# Task directions
Where does the word "horizontal" show up in the records? Copy every line that has it.
======== Provided data ========
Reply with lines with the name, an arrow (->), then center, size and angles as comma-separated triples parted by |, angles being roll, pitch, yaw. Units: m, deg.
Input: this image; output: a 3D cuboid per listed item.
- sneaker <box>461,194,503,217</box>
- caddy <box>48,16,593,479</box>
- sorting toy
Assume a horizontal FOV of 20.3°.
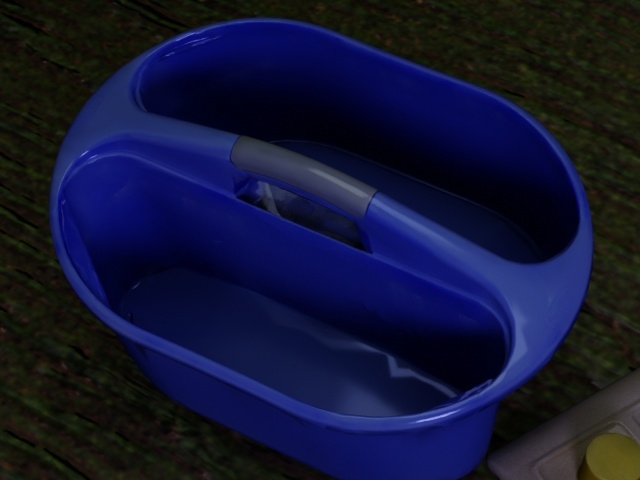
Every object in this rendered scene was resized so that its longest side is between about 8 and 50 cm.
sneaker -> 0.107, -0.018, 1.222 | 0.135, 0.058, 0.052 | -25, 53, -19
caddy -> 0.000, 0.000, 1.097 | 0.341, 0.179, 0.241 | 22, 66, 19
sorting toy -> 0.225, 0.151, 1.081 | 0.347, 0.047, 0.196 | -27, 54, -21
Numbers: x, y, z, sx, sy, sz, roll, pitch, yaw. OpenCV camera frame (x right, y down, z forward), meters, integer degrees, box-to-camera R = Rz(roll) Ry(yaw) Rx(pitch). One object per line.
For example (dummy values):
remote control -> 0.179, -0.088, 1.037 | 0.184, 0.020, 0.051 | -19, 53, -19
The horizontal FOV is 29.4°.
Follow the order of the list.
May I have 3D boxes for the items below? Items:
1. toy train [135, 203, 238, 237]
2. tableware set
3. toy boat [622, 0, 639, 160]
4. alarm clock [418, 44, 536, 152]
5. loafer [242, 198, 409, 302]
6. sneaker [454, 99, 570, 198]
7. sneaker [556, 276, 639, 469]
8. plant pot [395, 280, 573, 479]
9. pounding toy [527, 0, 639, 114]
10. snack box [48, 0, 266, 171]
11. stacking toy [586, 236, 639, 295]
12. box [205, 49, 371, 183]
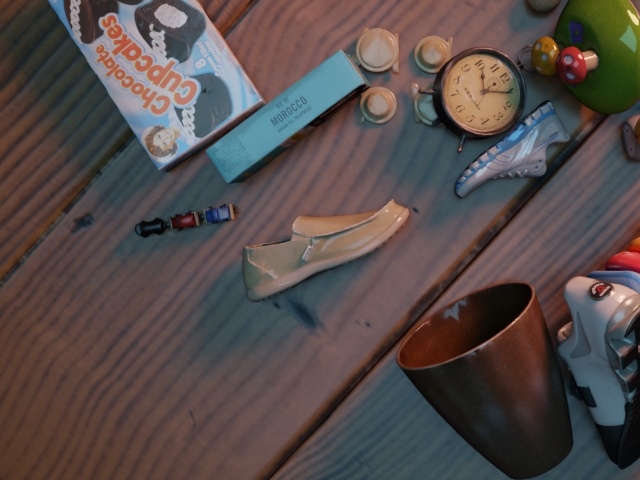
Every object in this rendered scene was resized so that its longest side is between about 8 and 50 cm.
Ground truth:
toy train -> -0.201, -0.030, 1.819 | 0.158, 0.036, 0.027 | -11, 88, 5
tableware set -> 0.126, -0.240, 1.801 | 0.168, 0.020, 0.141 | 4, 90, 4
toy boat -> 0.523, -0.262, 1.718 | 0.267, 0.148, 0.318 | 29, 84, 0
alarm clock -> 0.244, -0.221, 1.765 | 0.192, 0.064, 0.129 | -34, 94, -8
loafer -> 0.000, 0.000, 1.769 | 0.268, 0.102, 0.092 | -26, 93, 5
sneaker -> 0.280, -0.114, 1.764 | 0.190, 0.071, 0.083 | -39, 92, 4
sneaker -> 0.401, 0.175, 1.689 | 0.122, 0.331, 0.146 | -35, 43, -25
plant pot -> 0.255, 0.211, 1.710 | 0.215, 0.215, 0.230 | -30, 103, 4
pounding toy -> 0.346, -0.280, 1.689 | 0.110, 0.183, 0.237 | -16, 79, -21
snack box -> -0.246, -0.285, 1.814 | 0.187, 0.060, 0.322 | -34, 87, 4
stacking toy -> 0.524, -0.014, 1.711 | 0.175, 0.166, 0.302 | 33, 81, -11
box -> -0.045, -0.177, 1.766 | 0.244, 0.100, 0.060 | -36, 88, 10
========
# Expected output
Assume a horizontal FOV of 20.3°.
The horizontal FOV is 29.4°.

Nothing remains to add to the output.